While the Clippers would never relinquish the lead following the first quarter, the Thunder came within 11 points seven minutes into the fourth quarter. The Thunder looked a couple stops away from being able to start a late fourth quarter run...and then the following possessions happened:  

Chris Paul 11-footer (90-103) contested by Serge Ibaka on a late rotation...Paul contested 23-footer (90-105), OKC timeout, Daequan Cook three-pointer (93-105)...Paul blow-by cradle-layup (93-107)...Westbrook missed 3PA, Westbrook replaced by Reggie Jackson...Paul 18-footer (93-109).  

In other words, Paul simply outclassed Westbrook, which is to be expected. What wasn't expected, however, was that Paul would orchestrate the floor with such ease against a team that is currently the favorite to win the Western Conference.  

Blake Griffin throws down the consensus dunk of the year in the Clippers' victory over the Thunder.

While it is premature to suggest that Westbrook should assume the brunt of responsibility for the team's loss last night, his insistence upon playing on-the-ball and gambling for steals is costing the team floor position and points in the paint (at least 24 of the Clippers' 48 points in the paint were facilitated by penetration by perimeter players).   

This phenomenon was actually explored earlier in the season by Portland Trailblazers point guard Raymond Felton, who went so far as to call out Westbrook by name as being expressly a one-on-one player, stating that Westbrook unnecessarily forces rotation by dabbling too often in the passing lane and compromising cooperation in the team defense for individual statistics. 

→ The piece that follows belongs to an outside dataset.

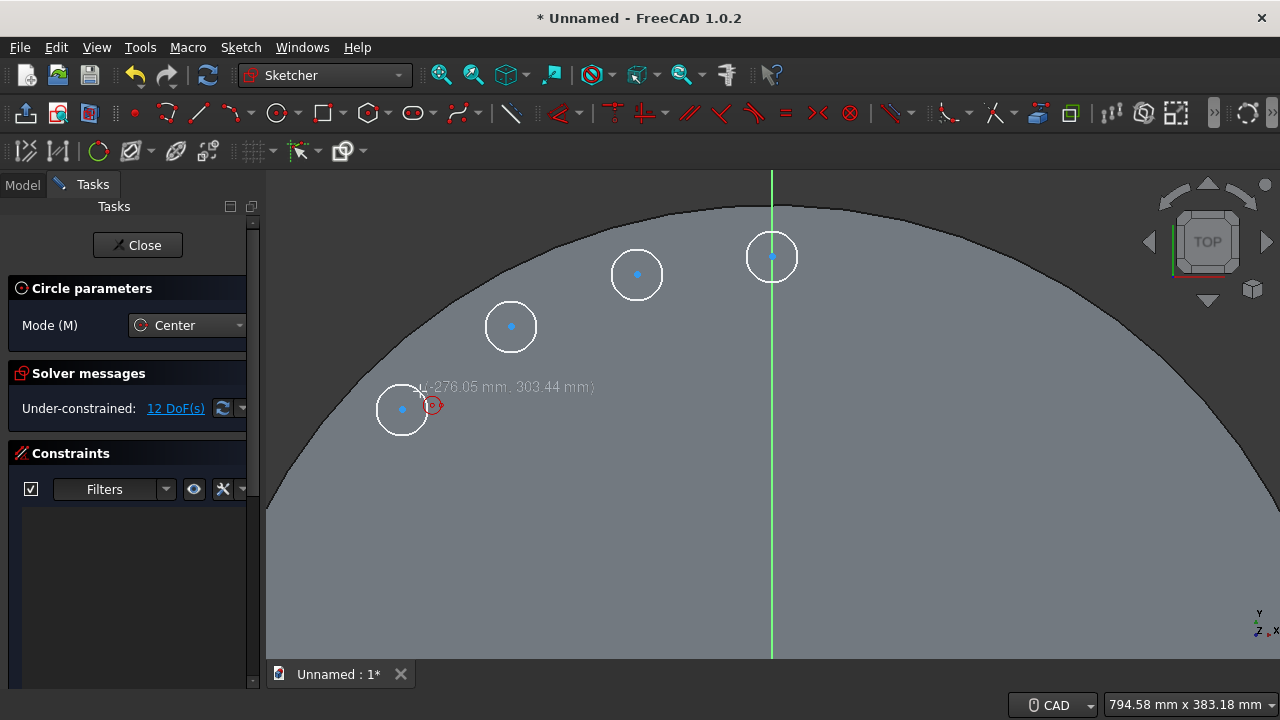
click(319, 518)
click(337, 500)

An early-season loss is comparatively light stakes for issues which could be ironed out prior to a playoff run. However, Westbrook's issues have been well-documented and have apparently gone poorly addressed. If the Thunder cannot shore up defensive shortcomings at the point guard position, they could be facing a playoff exit short of the NBA Finals in the event they return to Lob City.